I've always found MVC or any flavor of it to be a flawed paradigm. Instead, a separation of APIs, and clients that consume them, is a more pleasant way to work with things that need a view layer. "Controllers" are undefined things. We get frameworks like Rails that encourage spaghetti code placement (and make spaghetti a first class citizen), because the fundamental concept of a controller doesn't make sense.
MVC actually works really well for a HTTP framework like rails, because the separation of input (the controller) and output (the view) fits well when your model is based on request/response.
Rails goes a bit far in pushing for your model to be built around your database-backed data model (but does properly push you to include data integrity and business logic there as well).
Since there is not object classification in rails called Spaghetti, I can't really speak to it being a first class citizen in rails - nor can I guess which of Rails' shortcomings you are referring to.
Even with a client/API separation, your API still has input, output, and business logic - the three components of MVC. An API can benefit from having MVC once it has multiple views; for instance, if you later find you must support different clients utilizing multiple concurrent versions.
In that vein, I consider a framework like Sinatra to be controller-centric - with both the model and view layers being optional and bring-your-own. I've certainly used it as MVC.
I think the OP is probably complaining about people tending to put all of the business logic into the controller. This essentially leads the the controller functions being modular/procedural in nature rather than object oriented. And I think that's what they mean by "spaghetti" -- you have either a big honking function, or you have a whole bunch of functions with no clear place to put them. This is made worse with the strategy of "service objects", which are usually not objects, but rather highly coupled modules of functionality that expose all of the properties in a way that is global to the entire module.

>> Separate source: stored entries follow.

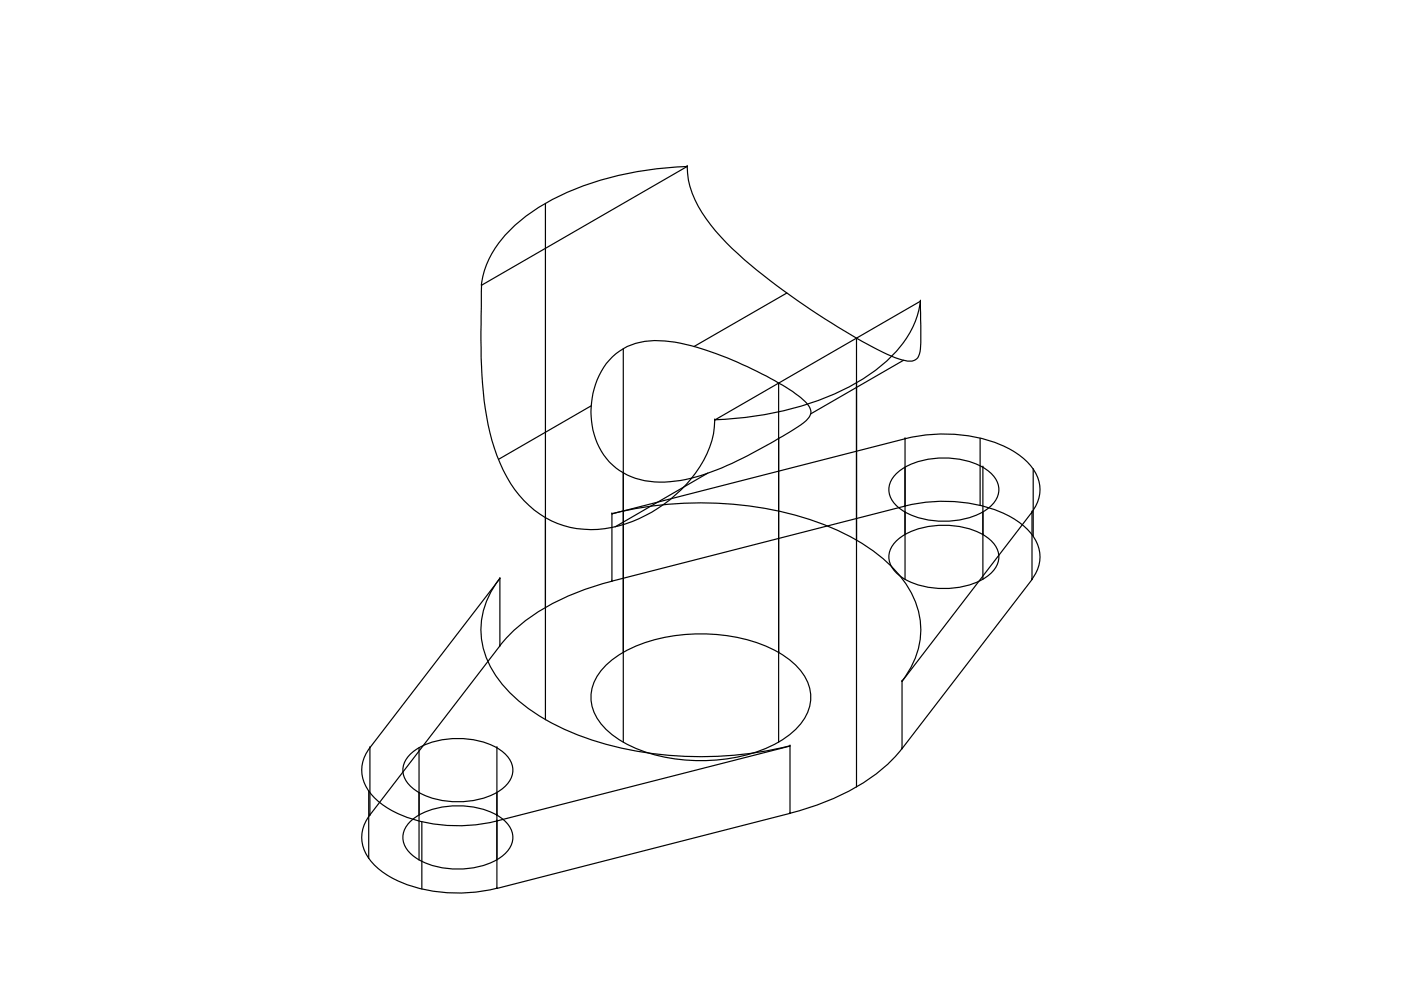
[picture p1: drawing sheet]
<svg xmlns="http://www.w3.org/2000/svg" width="297mm" height="210mm" viewBox="0 0 297 210" stroke-linecap="round" stroke-linejoin="round" font-family="sans-serif">
<!-- layer: 0 -->
<g fill="none" stroke="#000" stroke-width=".25">
<path d="M145.7 35.3a64.9 64.9 0 0 0-31.1 8.4 27.7 27.7 0 0 0-11.1 11.6l-1.2 3.4-.2 1.8M145.7 35.3a19.8 19.8 0 0 0 5 12.4 79.5 79.5 0 0 0 16.8 14.9 131.7 131.7 0 0 0 22.3 13.2l2.1 .6a2.32 2.32 0 0 0 3.2-2.4v-10.1M145.7 35.3h.1M145.7 35.3l-43.6 25.2M115.6 43.1v109.5M102.1 60.5l-.1 8a89.2 89.2 0 0 0 2.3 24.9 28.8 28.8 0 0 0 9 14.7 20.2 20.2 0 0 0 19.4 3 29.5 29.5 0 0 0 17.2-14.9 16.8 16.8 0 0 0 1.6-7.1M102.1 60.5h.1M129.9 75.6a13.5 13.5 0 0 1 11-3.3 57.7 57.7 0 0 1 18.6 6 42.7 42.7 0 0 1 11.5 7.1 2.27 2.27 0 0 1 0 3.7 96.8 96.8 0 0 1-21.3 11.3 26.9 26.9 0 0 1-13 1.5 13.9 13.9 0 0 1-11.4-13.6 16.6 16.6 0 0 1 4.6-12.7zM132.2 73.9v83.4M166.8 62.1l-19.7 11.4M181.6 71.7v95.2M191.5 76.4l-19.6 11.3"/>
<path d="M195.1 63.8a20.5 20.5 0 0 1-7.2 12.9 49.6 49.6 0 0 1-21.9 10.4 76.1 76.1 0 0 1-14.5 1.9M195.1 63.9h.1M195.1 63.9l-43.6 25.2M125.3 86l-19.6 11.4M151.5 89.1h.1M165.1 92.9h.1M165.1 81.2v76.1M191.9 93a32.2 32.2 0 0 1 22.6 2.5 10.5 10.5 0 0 1 6 7.8 7.6 7.6 0 0 1-1.7 5.3M191.9 93l-62.2 16v14.2M191.9 93h.1M191.9 93v29.8M207.8 92.9v14.3"/>
<path d="M208.4 99h.1M208.4 99v23.8M219.1 99.4v14.3M129.7 108.9a76.4 76.4 0 0 1 46.2 2.8 35.6 35.6 0 0 1 16.3 12.3 16.7 16.7 0 0 1-1 20.4M129.7 109h.1M150.1 100.3l-19.7 11.4M190 114.8a14.9 14.9 0 0 1 10.8-3.4 14.4 14.4 0 0 1 9.5 3.4 4.4 4.4 0 0 1 0 6.6 14.9 14.9 0 0 1-10.9 3.4 14.4 14.4 0 0 1-9.4-3.4 4.4 4.4 0 0 1 0-6.6zM190 100.5a14.9 14.9 0 0 1 10.8-3.4 14.4 14.4 0 0 1 9.5 3.4 4.4 4.4 0 0 1 0 6.6 14.9 14.9 0 0 1-10.9 3.4 14.4 14.4 0 0 1-9.4-3.4 4.4 4.4 0 0 1 0-6.6zM191.9 107.3a32.2 32.2 0 0 1 22.6 2.4 10.5 10.5 0 0 1 6 7.8 7.6 7.6 0 0 1-1.7 5.4M191.9 107.3h.1M191.9 107.3l-62.2 15.9M208.4 113.3h.1"/>
<path d="M218.8 108.6h.1M106 122.6a16.9 16.9 0 0 0 .1 21.9 39.1 39.1 0 0 0 17.2 11.6 77 77 0 0 0 44.2 2M106 122.7l-27.6 35.8v14.3M106 136.9h.1M106 122.7h.1M106 136.9l-27.6 35.9M106 122.7v14.2M129.7 123.2a46.4 46.4 0 0 0-21.8 11.5l-1.9 2.2M129.7 123.2h.1M165.1 138.3h.1M218.8 122.9v-14.3l-27.6 35.9M218.8 122.9h.1"/>
<path d="M218.8 122.9l-27.6 35.8M78.4 158.5h.1M78.4 158.5a7.6 7.6 0 0 0 .8 10.5 23.6 23.6 0 0 0 14.9 6l3.3 .1 3.2-.2 4.7-.8M86.9 160a14.9 14.9 0 0 1 10.9-3.4 14.4 14.4 0 0 1 9.4 3.4 4.4 4.4 0 0 1 0 6.6 14.9 14.9 0 0 1-10.8 3.4 14.4 14.4 0 0 1-9.5-3.4 4.4 4.4 0 0 1 0-6.6zM88.8 158.5v23.9M105.4 158.5h.1M105.4 158.5v29.9M128.2 141.4a25.2 25.2 0 0 1 14.5-6.6 36 36 0 0 1 22.4 3.5 13.1 13.1 0 0 1 6.6 7.7 9.4 9.4 0 0 1-3.8 9.4 29.7 29.7 0 0 1-17.3 5.8 33.6 33.6 0 0 1-20-4.8 11.3 11.3 0 0 1-5.3-8 9.2 9.2 0 0 1 2.9-7zM167.5 158.2h.1M191.2 158.7a37.8 37.8 0 0 1-16.2 11.3l-3.6 1.3-3.9 1.1M191.2 158.7h.1M191.2 144.5h.1"/>
<path d="M191.2 144.5v14.2M78.2 167.7v14.3M78.4 172.8h.1M78.4 172.8a7.6 7.6 0 0 0 .8 10.5 23.6 23.6 0 0 0 14.9 5.9l3.3 .1 3.2-.1 4.7-.9M86.9 174.2a14.9 14.9 0 0 1 10.9-3.3 14.4 14.4 0 0 1 9.4 3.3 4.4 4.4 0 0 1 0 6.7 14.9 14.9 0 0 1-10.8 3.4 14.4 14.4 0 0 1-9.5-3.4 4.4 4.4 0 0 1 0-6.7zM89.4 174.2v14.3M105.4 172.8h.1M105.4 174.1h.1M167.5 172.5v-14.3l-62.1 15.9M167.5 172.5h.1M167.5 172.5l-62.1 15.9M105.4 188.4h.1"/>
</g>
</svg>

However, IMHO the OP is incorrect that the problem is with MVC. The problem is actually with the active record pattern (or, again in IMHO, anti-pattern). In active record, your "model object" has a one to one relationship with the (usually relational) table where you are storing the data. The problem with this is that what makes sense from an OOD perspective does not make sense from a relational perspective. This is why there are entire books written about the problems of object relational mapping.
From a relational perspective, we want to store things in a way that makes the relational calculus cleaner. We want to be able to efficiently store and query the data. From the OOD perspective, we want to increase cohesion for the functionality by grouping common state together. These two goals are usually at odds.
Just like we have a view layer in MVC with respect to the UI, so too do we need a view layer with respect to other kinds of external representations. Probably people don't remember the old, old frameworks where you designed forms graphically for the UI and the system automatically generated C++ code for the "model objects" that could be used to populate those forms. Most people don't know about these because they were an incredibly bad idea that thankfully died out. No sane developer would build their model objects to be one to one relationships with their UI view objects. The same should be true for other representations like the DB layer, or indeed communication layers (serialising model objects so you can ship out the data for a different application is incredibly common, but also incredibly bad). You want view objects to translate the data to and from the model objects.
Once you've done that, then you can design your model objects so that they can sanely calculate your business logic. Your controller object become the thing that they were meant to be in the first place: objects that forward incoming requests on to the model layer and put the result into the view layer.
Rails (at least if you are using ActiveRecord) is just broken. It's not a representation of how MVC should work. It works well enough for some cases, but gradually the stink gets worse and worse until you start asking yourself if there was some advantage to using Rails in the first place.